= Paul Ziff =

American philosopher

(Robert) Paul Ziff (22 October 1920 in New York City - 9 January 2003 in Chapel Hill, North Carolina) was an American artist and philosopher specializing in semantics and aesthetics.

==Life and career==
He was born in New York City in 1920 to William Ziff and Bessie Goldstein Ziff. His brother Morton was born three years earlier. He studied art at Columbia University and New York's Master Institute of Arts in 1937-1939, and was a practicing artist, partially subsidized by the Solomon R. Guggenheim Foundation until 1942. He returned to New York in 1945 after serving in the United States Coast Guard to study art and philosophy at Cornell University, receiving his BFA in January 1949, and his Ph.D in September 1951.

He spent two years at the University of Michigan, as a research assistant in the Language and Symbolism Project, and as an Instructor, before taking a post as instructor at Harvard University, becoming an Assistant Professor, in 1954. He remained at Harvard until 1959, taking two periods of leave, to study at Oxford University in 1955, and to teach at Princeton University in 1958.

From 1959 until 1964 he was assistant professor at the University of Pennsylvania. Between 1962 and 1963 he studied in Rome on a Guggenheim Fellowship.

From 1964 to 1968 he was a professor at the University of Wisconsin–Madison, and from 1968 to 1970 was a professor at the University of Illinois at Chicago before settling at the University of North Carolina as William Rand Kenan Jr. Professor from 1970 until 1988 (professor emeritus until 2003.)

The "Robert Paul Ziff Distinguished Professorship" was established at University of North Carolina in 1994. He died in 2003 of natural causes.

His marriages include Pauline Pitkorchemna Ziff of Endicott, NY 1948-1965; Rita Nolan 1965-1973; Judith Trafton of NYC 1973-1976; Loredana Simpson of Verona, Italy 1978-2003.
His surviving children are Matthew D. Ziff, distinguished teacher of interior architecture, retired from Ohio University, father of Benjamin Ziff, councilman in Athens, Ohio; Georgina S.A. Ziff, an English professor at California State University and nearby community colleges, mother of Samuel Peter Ovenden and Matthew Ovenden; Andrew P. Ziff, a successful real estate developer in New York City father of Brianna, Isabelle, and Serena Ziff.

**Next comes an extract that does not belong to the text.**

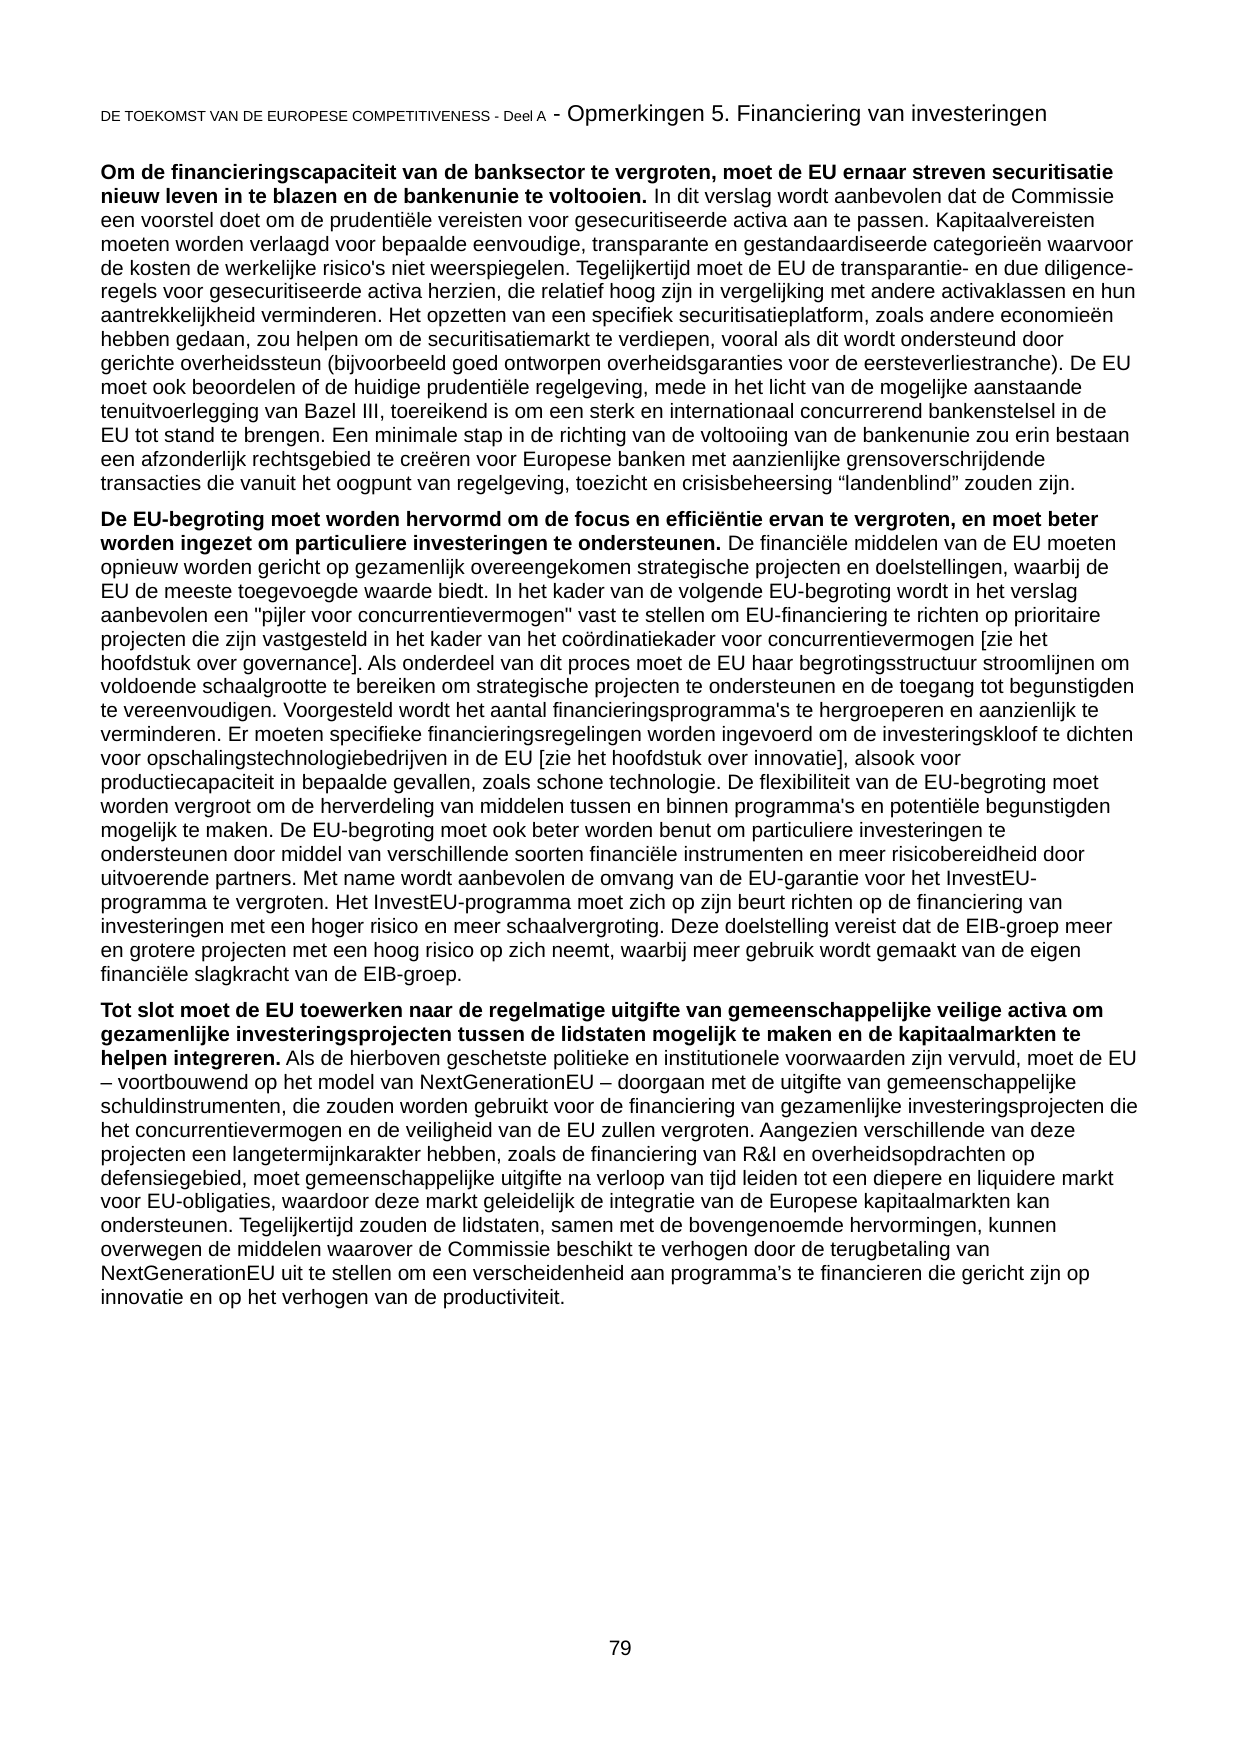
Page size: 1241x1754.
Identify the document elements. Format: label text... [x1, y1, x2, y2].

text De EU-begroting moet worden hervormd om de focus en efficiëntie ervan te vergroten, en moet beter worden ingezet om particuliere investeringen te ondersteunen. De financiële middelen van de EU moeten opnieuw worden gericht op gezamenlijk overeengekomen strategische projecten en doelstellingen, waarbij de EU de meeste toegevoegde waarde biedt. In het kader van de volgende EU-begroting wordt in het verslag aanbevolen een "pijler voor concurrentievermogen" vast te stellen om EU-financiering te richten op prioritaire projecten die zijn vastgesteld in het kader van het coördinatiekader voor concurrentievermogen [zie het hoofdstuk over governance]. Als onderdeel van dit proces moet de EU haar begrotingsstructuur stroomlijnen om voldoende schaalgrootte te bereiken om strategische projecten te ondersteunen en de toegang tot begunstigden te vereenvoudigen. Voorgesteld wordt het aantal financieringsprogramma's te hergroeperen en aanzienlijk te verminderen. Er moeten specifieke financieringsregelingen worden ingevoerd om de investeringskloof te dichten voor opschalingstechnologiebedrijven in de EU [zie het hoofdstuk over innovatie], alsook voor productiecapaciteit in bepaalde gevallen, zoals schone technologie. De flexibiliteit van de EU-begroting moet worden vergroot om de herverdeling van middelen tussen en binnen programma's en potentiële begunstigden mogelijk te maken. De EU-begroting moet ook beter worden benut om particuliere investeringen te ondersteunen door middel van verschillende soorten financiële instrumenten en meer risicobereidheid door uitvoerende partners. Met name wordt aanbevolen de omvang van de EU-garantie voor het InvestEU-programma te vergroten. Het InvestEU-programma moet zich op zijn beurt richten op de financiering van investeringen met een hoger risico en meer schaalvergroting. Deze doelstelling vereist dat de EIB-groep meer en grotere projecten met een hoog risico op zich neemt, waarbij meer gebruik wordt gemaakt van de eigen financiële slagkracht van de EIB-groep. [100, 507, 1140, 986]
text Om de financieringscapaciteit van de banksector te vergroten, moet de EU ernaar streven securitisatie nieuw leven in te blazen en de bankenunie te voltooien. In dit verslag wordt aanbevolen dat de Commissie een voorstel doet om de prudentiële vereisten voor gesecuritiseerde activa aan te passen. Kapitaalvereisten moeten worden verlaagd voor bepaalde eenvoudige, transparante en gestandaardiseerde categorieën waarvoor de kosten de werkelijke risico's niet weerspiegelen. Tegelijkertijd moet de EU de transparantie- en due diligence-regels voor gesecuritiseerde activa herzien, die relatief hoog zijn in vergelijking met andere activaklassen en hun aantrekkelijkheid verminderen. Het opzetten van een specifiek securitisatieplatform, zoals andere economieën hebben gedaan, zou helpen om de securitisatiemarkt te verdiepen, vooral als dit wordt ondersteund door gerichte overheidssteun (bijvoorbeeld goed ontworpen overheidsgaranties voor de eersteverliestranche). De EU moet ook beoordelen of de huidige prudentiële regelgeving, mede in het licht van de mogelijke aanstaande tenuitvoerlegging van Bazel III, toereikend is om een sterk en internationaal concurrerend bankenstelsel in de EU tot stand te brengen. Een minimale stap in de richting van de voltooiing van de bankenunie zou erin bestaan een afzonderlijk rechtsgebied te creëren voor Europese banken met aanzienlijke grensoverschrijdende transacties die vanuit het oogpunt van regelgeving, toezicht en crisisbeheersing “landenblind” zouden zijn. [100, 159, 1140, 495]
text Tot slot moet de EU toewerken naar de regelmatige uitgifte van gemeenschappelijke veilige activa om gezamenlijke investeringsprojecten tussen de lidstaten mogelijk te maken en de kapitaalmarkten te helpen integreren. Als de hierboven geschetste politieke en institutionele voorwaarden zijn vervuld, moet de EU – voortbouwend op het model van NextGenerationEU – doorgaan met de uitgifte van gemeenschappelijke schuldinstrumenten, die zouden worden gebruikt voor de financiering van gezamenlijke investeringsprojecten die het concurrentievermogen en de veiligheid van de EU zullen vergroten. Aangezien verschillende van deze projecten een langetermijnkarakter hebben, zoals de financiering van R&I en overheidsopdrachten op defensiegebied, moet gemeenschappelijke uitgifte na verloop van tijd leiden tot een diepere en liquidere markt voor EU-obligaties, waardoor deze markt geleidelijk de integratie van de Europese kapitaalmarkten kan ondersteunen. Tegelijkertijd zouden de lidstaten, samen met de bovengenoemde hervormingen, kunnen overwegen de middelen waarover de Commissie beschikt te verhogen door de terugbetaling van NextGenerationEU uit te stellen om een verscheidenheid aan programma’s te financieren die gericht zijn op innovatie en op het verhogen van de productiviteit. [100, 998, 1140, 1309]

==Philosophical and other works==

===Articles===
Paul Ziff started publishing in graduate school in 1949, doing book reviews for The Philosophical Review. He kept on publishing for 41 years, his last article appearing in 1990 in a special issue of the European journal Dialectica. No doubt he was asked to contribute a paper to that issue since it was dedicated - both the issue and his paper - to the memory of his former teacher at Cornell, Max Black.

Ziff published six books, 38 articles, five discussions, and 14 reviews. His first four books were published by Cornell University Press; his last two were published by Reidel. When he published with Cornell, it was one of the best university presses for philosophy. He moved to Reidel in the 1980s because their managing editor, Jaakko Hintikka, offered to accept two of his book-length manuscripts and publish them as consecutive volumes in the Synthese Library series.

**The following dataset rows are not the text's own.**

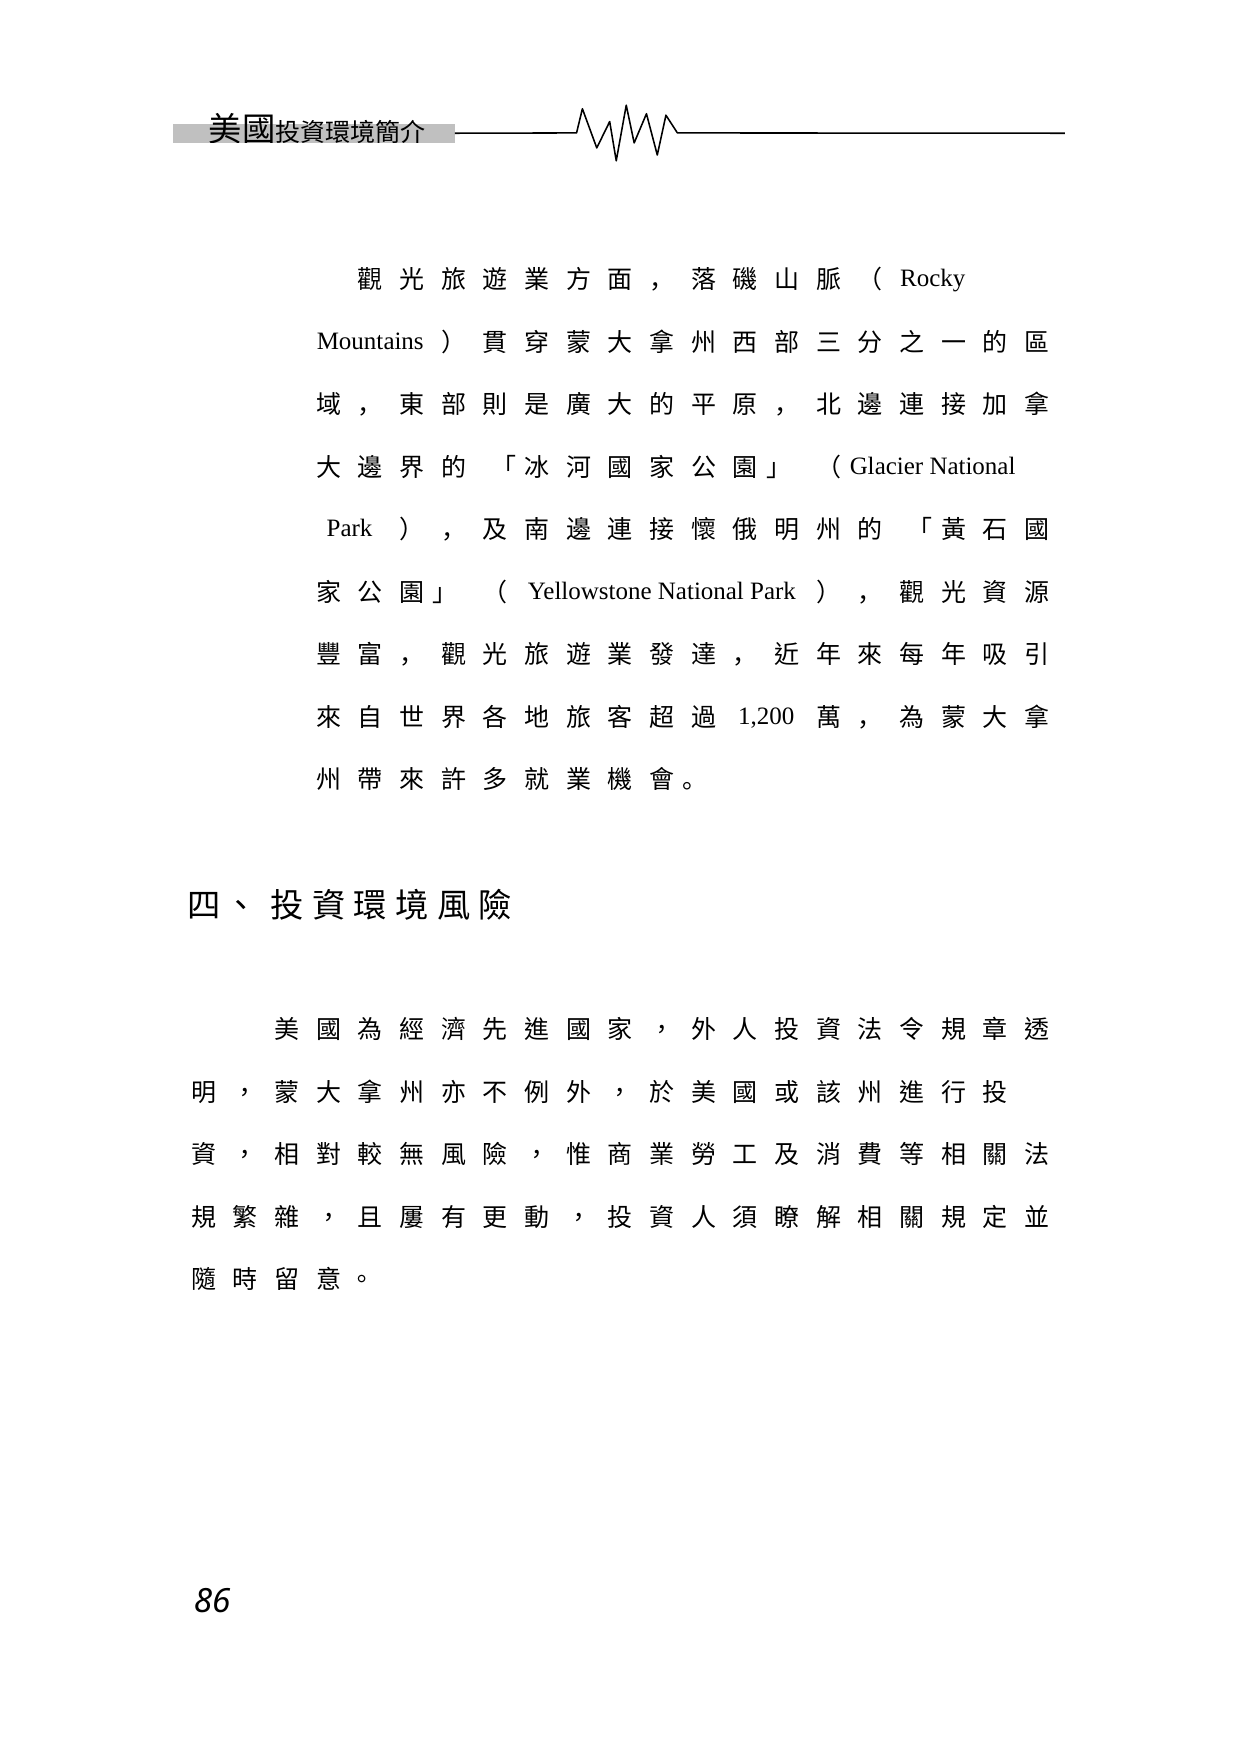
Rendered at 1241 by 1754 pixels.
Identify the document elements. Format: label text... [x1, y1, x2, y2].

text 美國為經濟先進國家，外人投資法令規章透明，蒙大拿州亦不例外，於美國或該州進行投資，相對較無風險，惟商業勞工及消費等相關法規繁雜，且屢有更動，投資人須瞭解相關規定並隨時留意。 [183, 986, 1058, 1299]
text 四、投資環境風險 [183, 861, 1058, 924]
text 觀光旅遊業方面，落磯山脈（Rocky Mountains）貫穿蒙大拿州西部三分之一的區域，東部則是廣大的平原，北邊連接加拿大邊界的「冰河國家公園」（Glacier National Park），及南邊連接懷俄明州的「黃石國家公園」（Yellowstone National Park），觀光資源豐富，觀光旅遊業發達，近年來每年吸引來自世界各地旅客超過1,200萬，為蒙大拿州帶來許多就業機會。 [277, 236, 1058, 799]
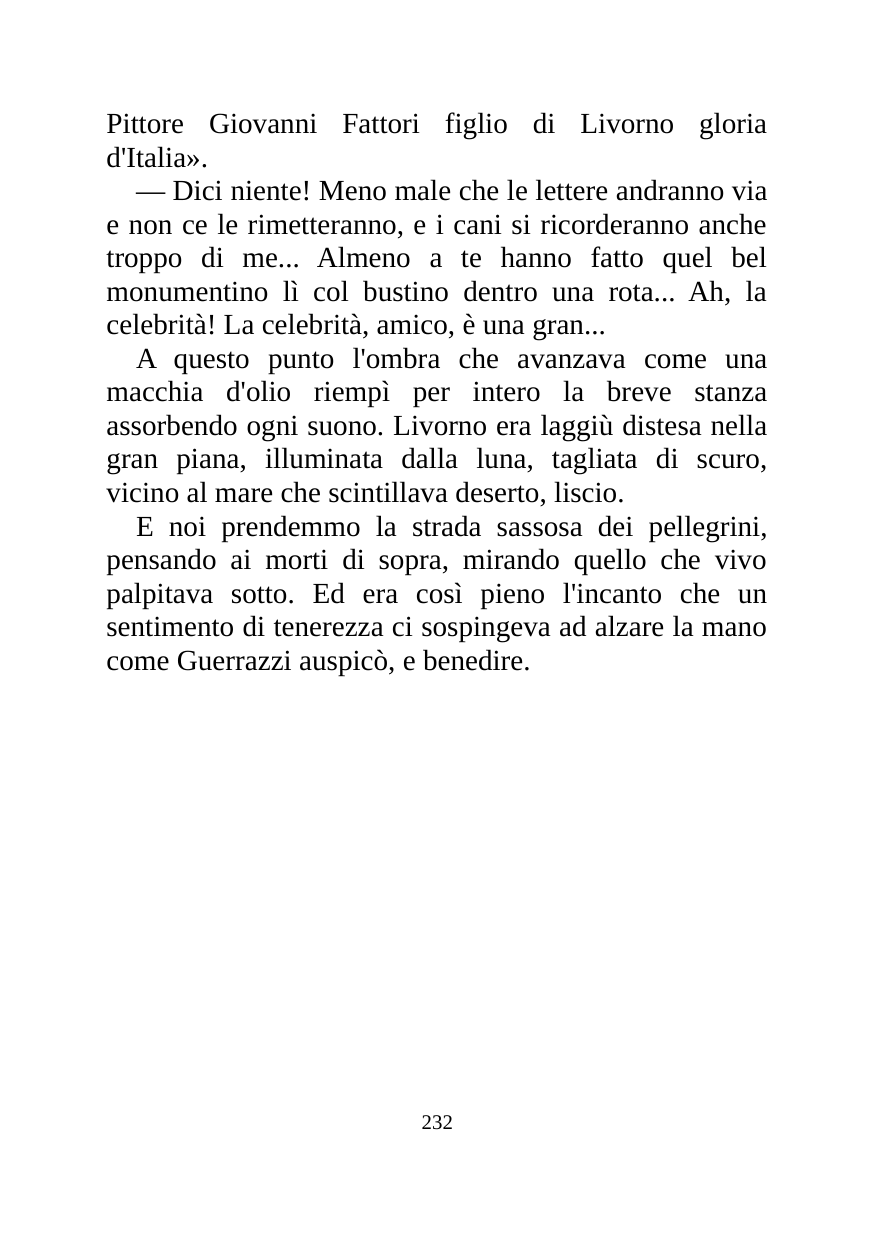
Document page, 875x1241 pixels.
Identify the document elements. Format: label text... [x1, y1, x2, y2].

Ziff's articles appeared most often in The Philosophical Review, Mind, The Journal of Philosophy, Analysis, and Foundations of Language (which became Studies in Language sometime in the late 70s). He was invited to contribute to various conference proceedings and collections, and fifteen of his articles and discussions appeared in these - some of them high-profile collections in their area at the time, including Katz and Fodor's The Structure of Language (1964) and Harman and Davidson’s Semantics of Natural Language (1972). Most of Ziff’s articles (29) show up in his books. One that did not, "About Proper Names" from Mind, was selected as one of the best philosophy articles of 1977 and reprinted in The Philosopher’s Annual. Ziff published mainly in the areas of philosophy of language, philosophy of art, philosophy of mind, and epistemology, but also had articles in philosophy of religion and ethics. He even had three about Wittgenstein’s views, and one about his own take on philosophy.

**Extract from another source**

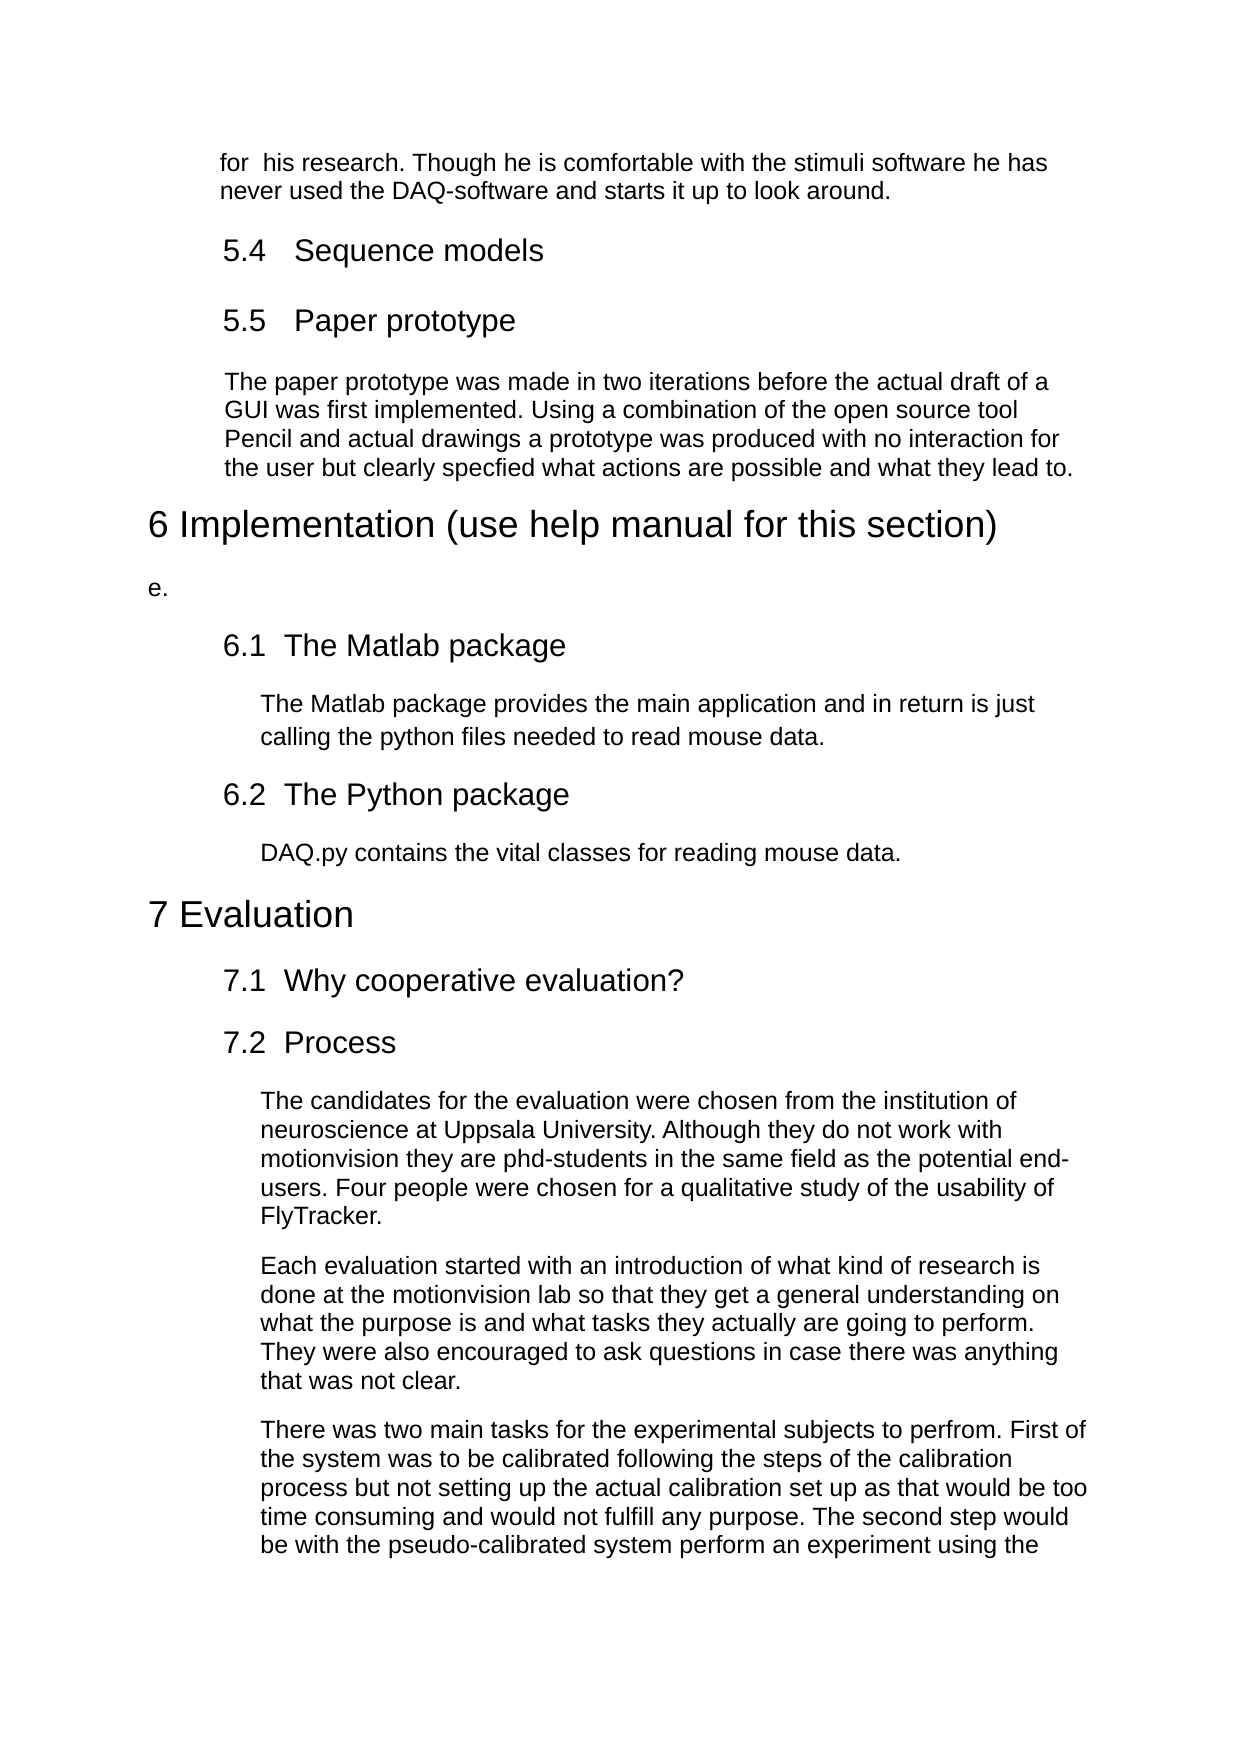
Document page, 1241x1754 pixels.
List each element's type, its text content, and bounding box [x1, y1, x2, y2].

"Art and the 'Object of Art'" was originally in Mind in 1951, and takes apart the claim, made by prominent philosophers in the 1930s-1950s, that "the painting is not the work of art." This paper is reprinted in other places as well, notably William Elton's famous collection Aesthetics and Language, which put aestheticians on notice that the analytics had shown up to clean house. "The Task of Defining a Work of Art" has been anthologized at least three times. It is the most sophisticated of the "you can’t define art" papers in the apply-Wittgenstein/ordinary language analysis years. "Reasons in Art Criticism" was in the two best aesthetics anthologies of the 60s, the ones edited by Kennick and by Margolis. It was also in the Bobbs-Merrill Reprint Series in Philosophy, which was a selection of the most talked about articles in the 50s and 60s. George Dickie devoted a chapter of his book Evaluating Art to Ziff's view about reasons why a work of art is good, and, 30 years after it was first published, he said it "remains one of the few truly stimulating pieces by present-day philosophers on the theory of art evaluation."

Many students know Paul Ziff from the philosophy of mind papers in Philosophic Turnings. "The Feelings of Robots", in which Ziff argued with his typical panache that robots could not have feelings, has attracted the most attention: viz., replies, reprintings, and inclusion on course reading lists. It went from Analysis in 1959, along with replies by Jack and Ninian Smart, to Alan Ross Anderson’s volume Minds and Machines in 1964, which was part of Prentice Hall’s Contemporary Perspectives in Philosophy Series, and the first "can machines think" collection. People who have written on this topic, such as Keith Gunderson, invariably bring up Ziff's short paper. It eventually showed up in introductory anthologies as well.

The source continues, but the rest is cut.